## WORK TASK
What is needed is an exact transcription of the line with "HFOV 60.0°." and all the lines that follow it in the entries below; add nothing else.

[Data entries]
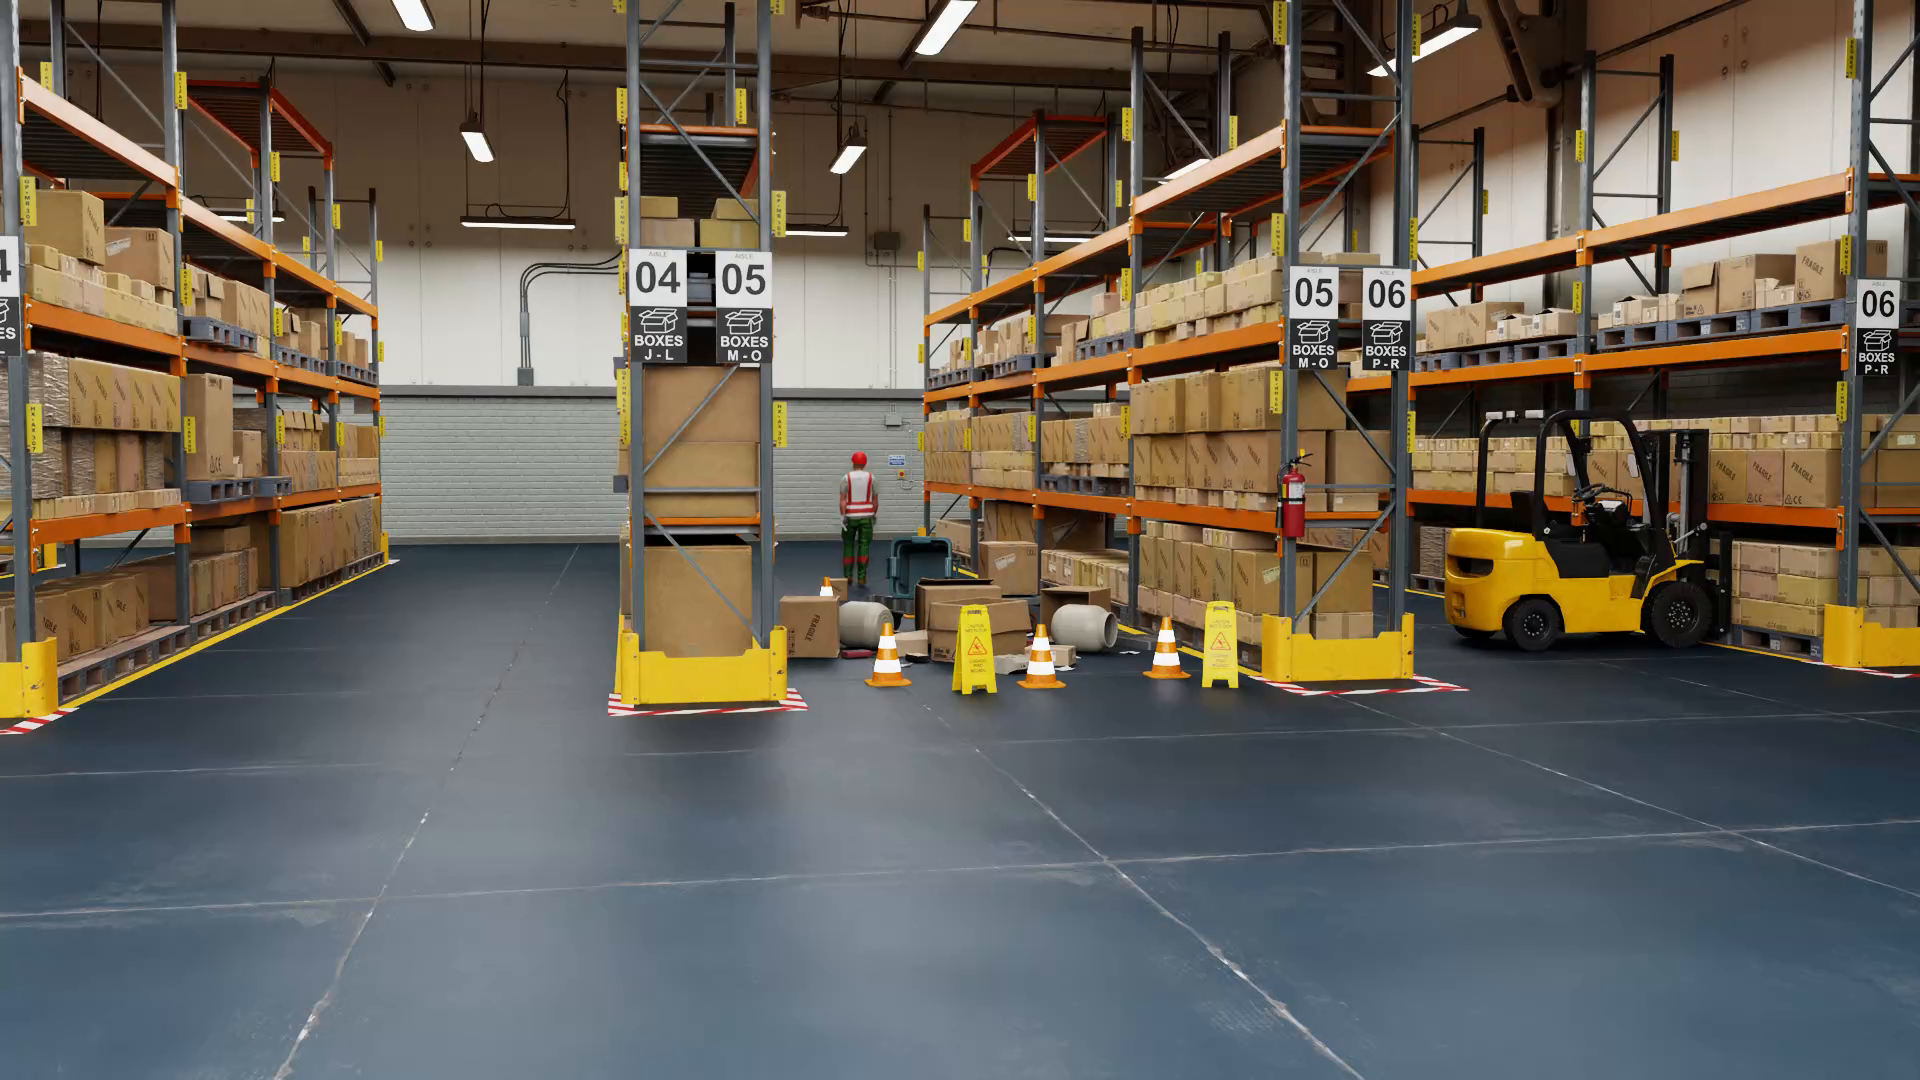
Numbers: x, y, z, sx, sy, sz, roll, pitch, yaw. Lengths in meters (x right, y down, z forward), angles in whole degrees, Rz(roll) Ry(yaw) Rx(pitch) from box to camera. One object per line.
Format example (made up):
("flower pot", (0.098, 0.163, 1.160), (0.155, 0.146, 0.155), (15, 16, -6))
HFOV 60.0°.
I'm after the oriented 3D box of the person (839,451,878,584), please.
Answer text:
("person", (-1.362, -0.280, 22.345), (0.529, 1.821, 0.746), (0, 3, -6))

## ANSWER TO THE PROBLEM
HFOV 60.0°.
I'm after the oriented 3D box of the person (839,451,878,584), please.
Answer text:
("person", (-1.362, -0.280, 22.345), (0.529, 1.821, 0.746), (0, 3, -6))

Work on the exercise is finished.